Step-by-step mechanics: how to apply the Martingale step by step
You can explain to a beginner how the Martingale works on your fingers: after a defeat — double the bet, after a win — go back to the starting amount. Step by step it can look like this:
- bet $1 on black — lose, double;
- bet $2 on black — lose again, double;
- bet $4 on black — win $4, the losses are covered;
- return to the initial $1 bet.
After a win it’s critically important not to ramp up the bet but to return to the starting amount.
Martingale bet-progression table: from the 1st to the 10th iteration
During a prolonged run of losses, online roulette can break the Martingale system even if the starting bet is only $1.

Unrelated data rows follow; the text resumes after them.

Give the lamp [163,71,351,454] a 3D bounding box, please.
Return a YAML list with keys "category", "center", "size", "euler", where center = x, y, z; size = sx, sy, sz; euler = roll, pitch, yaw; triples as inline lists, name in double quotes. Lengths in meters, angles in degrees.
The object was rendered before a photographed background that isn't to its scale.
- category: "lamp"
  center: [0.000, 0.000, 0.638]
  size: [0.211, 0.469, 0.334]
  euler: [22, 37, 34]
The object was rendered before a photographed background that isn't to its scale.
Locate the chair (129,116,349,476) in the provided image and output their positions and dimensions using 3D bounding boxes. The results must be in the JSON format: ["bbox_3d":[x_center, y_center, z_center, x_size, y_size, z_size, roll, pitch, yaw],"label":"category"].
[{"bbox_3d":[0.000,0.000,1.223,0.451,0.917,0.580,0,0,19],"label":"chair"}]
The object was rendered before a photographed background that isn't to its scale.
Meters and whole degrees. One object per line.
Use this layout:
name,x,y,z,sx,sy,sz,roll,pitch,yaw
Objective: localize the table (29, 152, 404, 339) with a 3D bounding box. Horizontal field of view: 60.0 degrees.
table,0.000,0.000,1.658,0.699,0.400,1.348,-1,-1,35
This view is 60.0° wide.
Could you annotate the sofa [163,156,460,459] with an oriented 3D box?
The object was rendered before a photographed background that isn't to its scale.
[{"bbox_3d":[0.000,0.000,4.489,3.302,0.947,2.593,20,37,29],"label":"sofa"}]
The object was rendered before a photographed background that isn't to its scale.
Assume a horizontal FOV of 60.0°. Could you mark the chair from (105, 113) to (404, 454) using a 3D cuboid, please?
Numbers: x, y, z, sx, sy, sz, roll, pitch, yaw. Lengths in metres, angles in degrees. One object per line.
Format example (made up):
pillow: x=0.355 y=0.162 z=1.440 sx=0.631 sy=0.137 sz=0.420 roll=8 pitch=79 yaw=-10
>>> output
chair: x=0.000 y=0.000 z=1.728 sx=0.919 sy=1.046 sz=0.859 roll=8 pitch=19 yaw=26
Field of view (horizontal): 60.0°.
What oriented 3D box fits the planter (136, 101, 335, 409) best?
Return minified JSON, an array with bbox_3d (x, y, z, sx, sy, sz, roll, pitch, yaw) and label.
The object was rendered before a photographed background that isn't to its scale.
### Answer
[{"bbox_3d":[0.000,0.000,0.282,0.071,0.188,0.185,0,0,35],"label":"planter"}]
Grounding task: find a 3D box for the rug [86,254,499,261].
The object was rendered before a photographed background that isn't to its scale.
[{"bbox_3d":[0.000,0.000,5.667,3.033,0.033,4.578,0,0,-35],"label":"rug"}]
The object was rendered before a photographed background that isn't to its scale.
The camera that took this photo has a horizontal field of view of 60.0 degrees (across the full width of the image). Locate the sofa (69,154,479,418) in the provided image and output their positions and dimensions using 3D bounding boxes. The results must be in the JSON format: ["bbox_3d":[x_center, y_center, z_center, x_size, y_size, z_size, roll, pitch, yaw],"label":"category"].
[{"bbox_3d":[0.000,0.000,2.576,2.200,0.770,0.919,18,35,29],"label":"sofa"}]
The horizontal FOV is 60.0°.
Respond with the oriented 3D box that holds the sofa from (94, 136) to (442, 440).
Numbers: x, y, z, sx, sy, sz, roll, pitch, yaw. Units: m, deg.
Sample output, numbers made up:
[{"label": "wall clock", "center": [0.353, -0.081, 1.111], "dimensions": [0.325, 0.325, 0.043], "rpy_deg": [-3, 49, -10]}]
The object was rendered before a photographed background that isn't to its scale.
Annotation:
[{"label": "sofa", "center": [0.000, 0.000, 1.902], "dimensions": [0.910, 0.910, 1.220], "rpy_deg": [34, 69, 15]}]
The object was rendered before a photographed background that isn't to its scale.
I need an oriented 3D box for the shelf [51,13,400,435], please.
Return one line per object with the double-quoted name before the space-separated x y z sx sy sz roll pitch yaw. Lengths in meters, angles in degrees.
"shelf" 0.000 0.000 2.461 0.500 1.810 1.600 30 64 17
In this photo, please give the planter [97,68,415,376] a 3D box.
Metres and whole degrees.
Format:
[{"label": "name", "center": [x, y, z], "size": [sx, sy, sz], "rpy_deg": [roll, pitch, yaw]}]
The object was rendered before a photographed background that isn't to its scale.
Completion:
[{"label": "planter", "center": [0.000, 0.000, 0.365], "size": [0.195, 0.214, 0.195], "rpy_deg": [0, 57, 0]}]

| Step | Cumulative loss before the bet | Bet | Bankroll required | Ratio to a $500 table limit |
|---|---|---|---|---|
| 1 | $0 | $1 | $1 | ✅ fits |
| 2 | $1 | $2 | $3 | ✅ fits |
| 3 | $3 | $4 | $7 | ✅ fits |
| 4 | $7 | $8 | $15 | ✅ fits |
| 5 | $15 | $16 | $31 | ✅ fits |
| 6 | $31 | $32 | $63 | ✅ fits |
| 7 | $63 | $64 | $127 | ✅ fits |
| 8 | $127 | $128 | $255 | ✅ fits |
| 9 | $255 | $256 | $511 | ⚠ last chance to win |
| 10 | $511 | $512 | $1023 | ❌ the table won’t accept the bet |
A table limit often doesn’t exceed $500, so you’ll have to either take an even smaller base bet or deliberately seek a higher limit — otherwise the system breaks and the player loses serious money. By the same logic you should calculate your own bankroll: you’ll survive a run of ten losses in a row only if the first bet is no more than 1/1023 of the whole bank.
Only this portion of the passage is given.